From Code to Agents: Proactively Securing AI-Native Apps with Cursor and Snyk
Krysztof Huszcza
December 22, 2025
0 mins readThe rapid adoption of AI agents for development is creating a critical security gap. We are moving from predictable logic, deterministic code paths, and human-driven workflows to non-deterministic agents that reason, plan, and act autonomously using large language models across the broader software development lifecycle. As enterprises adopt these autonomous AI agents, the core challenge isn’t just the new risks and attack vectors; it’s a loss of runtime control. These agents are now deciding which tools to call, what commands to execute, and automating how the data moves, all in real time.
This requires a new security guard at runtime and enforcement that can block unsafe tools, prevent data exfiltration, and uphold policy without slowing teams down. This marks a fundamentally new security territory for protecting autonomous behavior with runtime governance and enforcement beyond visibility alone.
Developers rely on agents to manage increasingly complex codebases and dependencies, but two major risks remain unaddressed: First, the agent itself is built upon a hidden third-party software supply chain (MCP servers, libraries, models, and dependencies) that may contain serious security vulnerabilities. Second, the agent's ability to act autonomously at runtime (e.g., executing shell commands, calling APIs, or MCP Servers) introduces uncontrolled risks, often bypassing traditional security controls and leading to compliance violations or the exposure to sensitive data. This lack of visibility and control has left security teams behind and trying to catch up, so AI innovation can continue to flourish.

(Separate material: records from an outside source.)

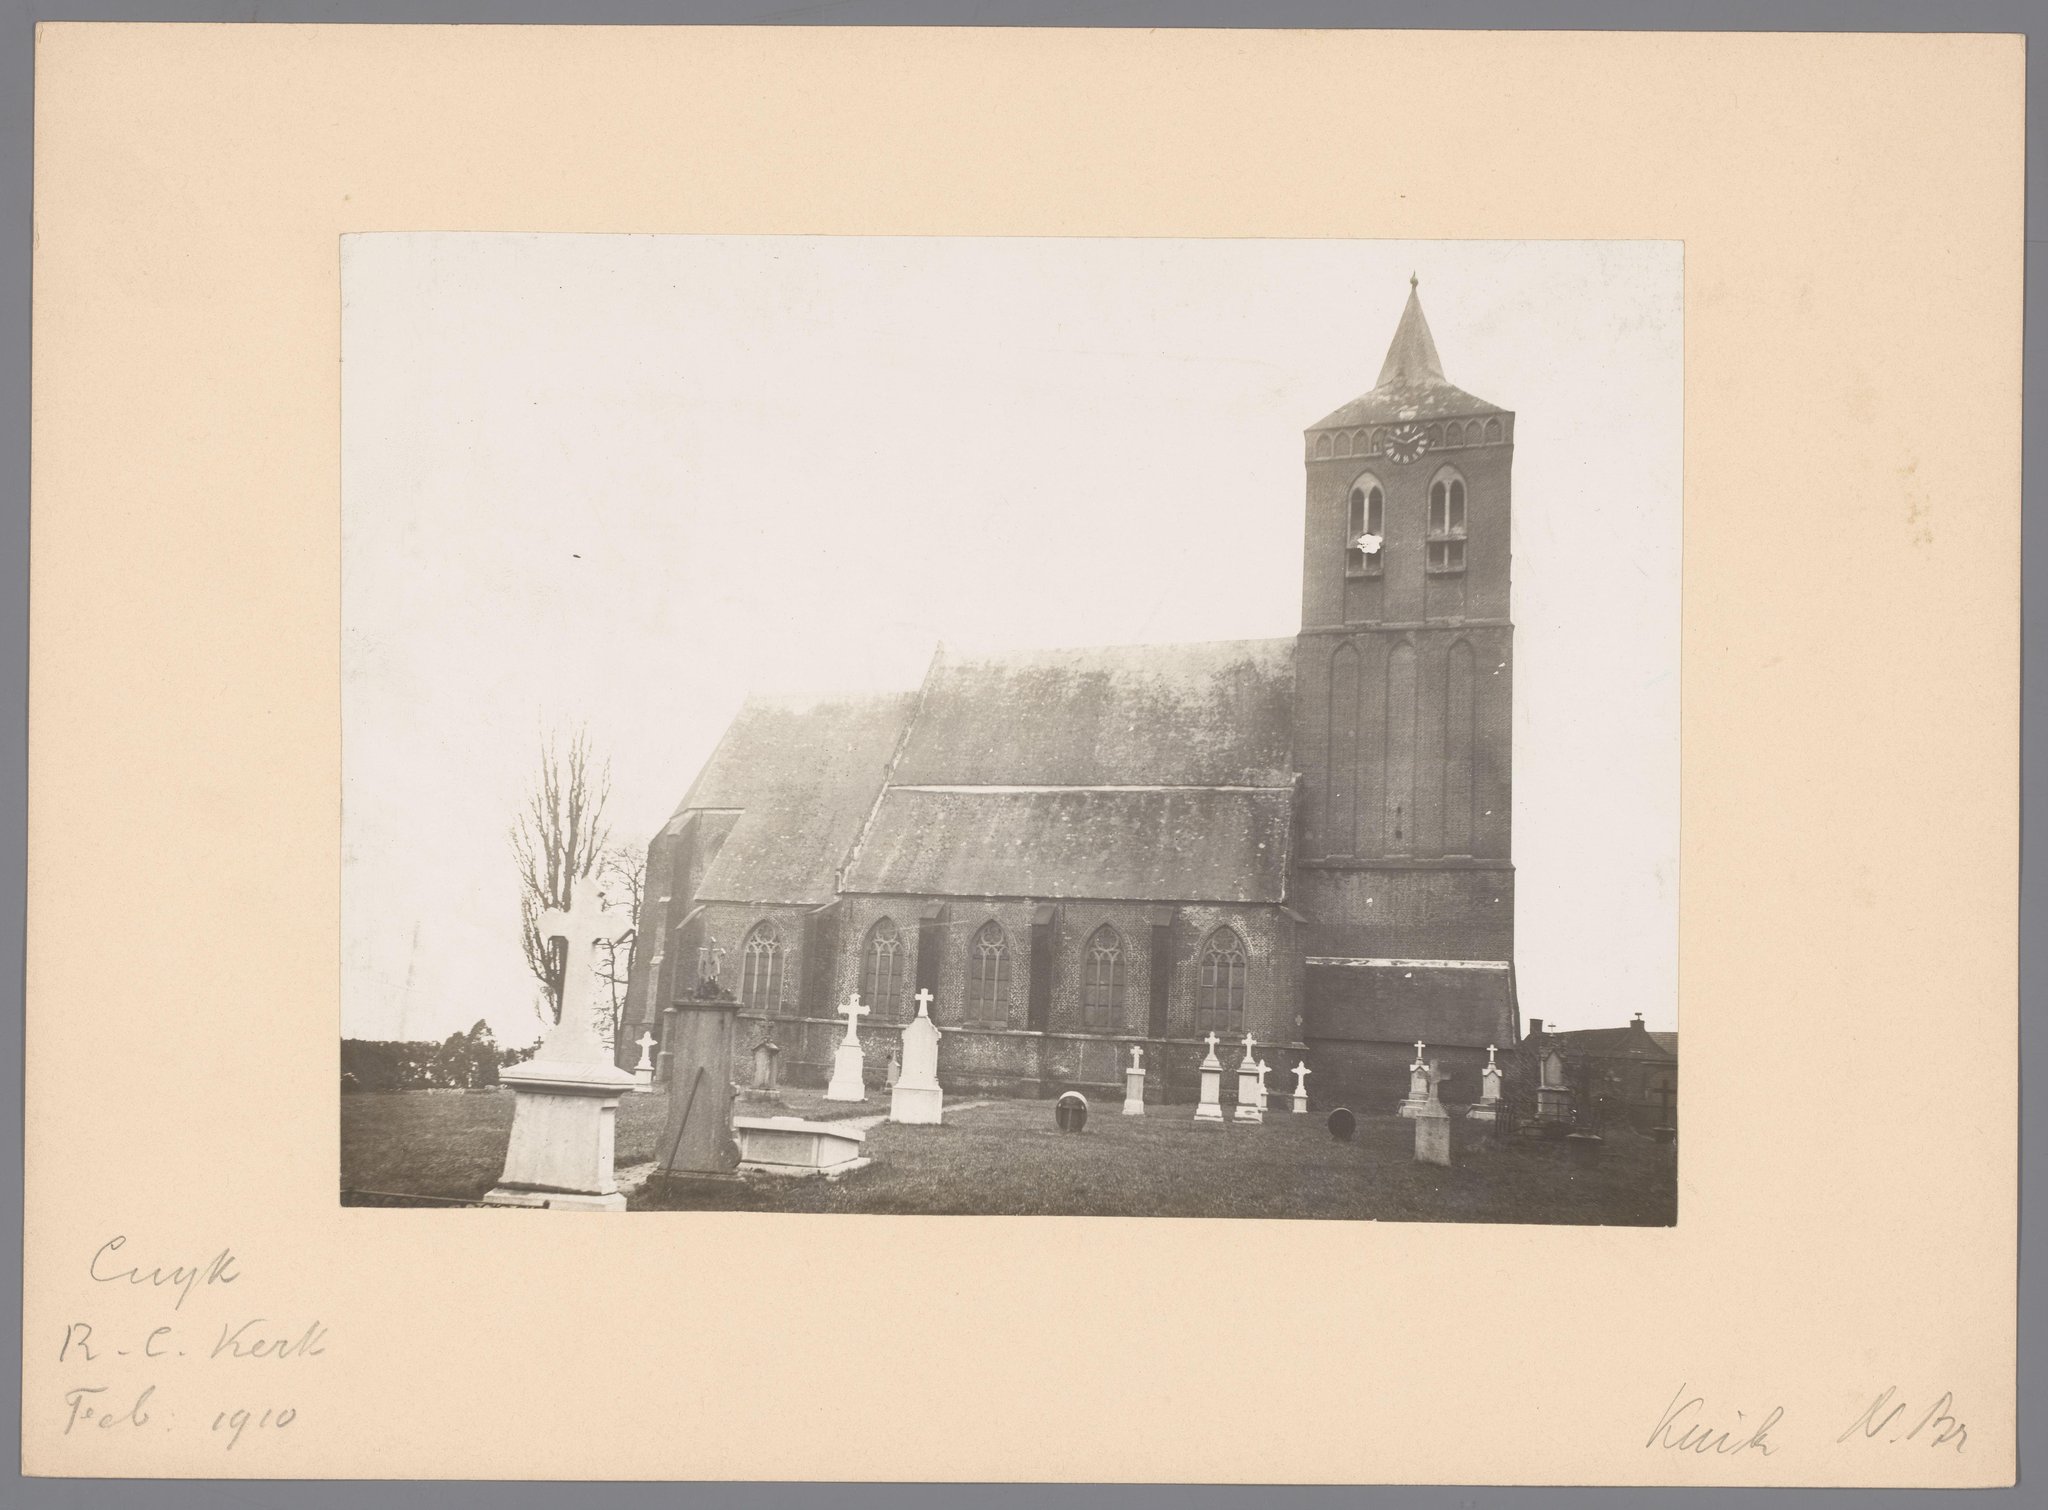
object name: photograph
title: Gezicht op de oude Sint-Martinuskerk te Cuijk
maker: anoniem (monumentenzorg)
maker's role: fotograaf
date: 1910
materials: cardboard, photographic support
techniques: gelatin silver print
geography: cuijk
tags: church (exterior), churchyard, cemetery
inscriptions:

To address these challenges, we are announcing Evo Agent Guard for Cursor integration to control and enforce policies that dictate the actions of these autonomous agents at runtime. This creates enforcement within the execution loop, building control policies that protect the agent’s action from contributing to dangerous behavior like PII leakage or toxic flows.
Evo Agent Guard for Cursor: Securing the agent lifecycle from creation to execution
Agents rely on third-party dependencies, execute commands at runtime, and connect dynamically to MCP tools and servers. Without embedded safeguards, these capabilities can lead to vulnerabilities, data leaks, or unintended policy violations.
This new integration between Cursor Hooks and Evo Agent Guard tackles these challenges holistically, securing the agent from the moment it’s created through its runtime operation. By embedding security into the agent lifecycle, organizations can confidently adopt AI-driven workflows, accelerating development without sacrificing visibility or control. In this context, Evo operates as a runtime sidecar alongside the agent, sitting directly in the execution path rather than observing from the outside. Because it sees agent decisions as they happen, Evo can block, modify, or constrain actions before they complete, from shell execution and tool calls to MCP responses and data exfiltration.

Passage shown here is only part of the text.